Output of Fixed code: logs are printing out of order, but you can tell what is happening in here.
...
100% [############################################] Time: 0:00:02 1.1 MiB/s
100% [############################################] Time: 0:00:02 1.3 MiB/s
Successfully downloaded: 1137
Failed downloads: 2
100% [############################################] Time: 0:00:02 1.2 MiB/s
100% [############################################] Time: 0:00:04 794.0 KiB/s
Successfully downloaded: 2
gdc-client already installed
Using provided manifest and downloading data...
Using gdc tool and retrieving get metadata...
Total files to download: 1139
Starting initial download...
Initial download complete.
Retrying download for 2 files (Attempt 1/5):
Missing files: 2
File IDs: 70efab6a-c0d3-403a-8708-880136723d1f, 4b362fa9-4031-4404-8522-cf19308dea49
Starting retry 1 download...
Retry 1 complete.
All files downloaded and verified successfully.

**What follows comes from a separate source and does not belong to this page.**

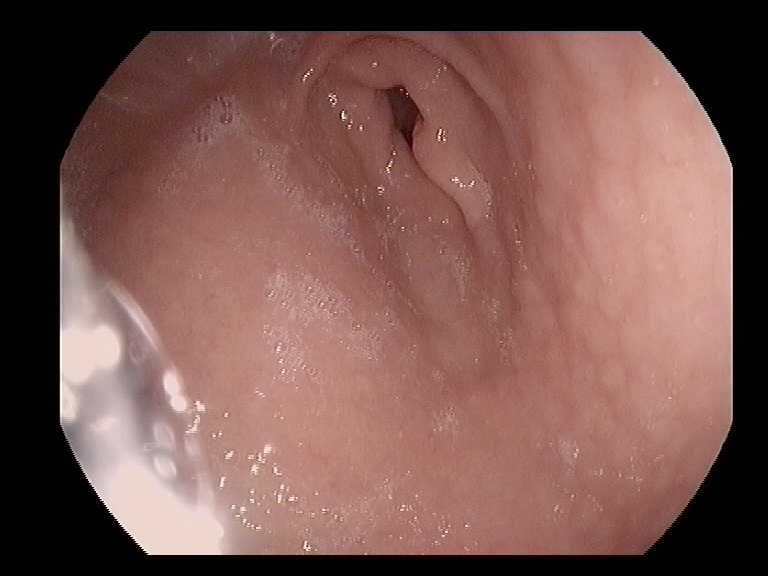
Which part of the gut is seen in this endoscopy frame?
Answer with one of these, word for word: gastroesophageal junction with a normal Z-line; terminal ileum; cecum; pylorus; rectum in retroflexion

pylorus

All files downloaded and verified successfully after retries.
Extracting UUIDs from manifest...
When the manifest files are downloaded, it is possible that some files fail to download and are ultimately excluded from the build process. We need to make this process more robust so it either fails and exits when this happens, or better, it re-runs the failed files until they download correctly.
This possibility is present in all HCMI omics builds.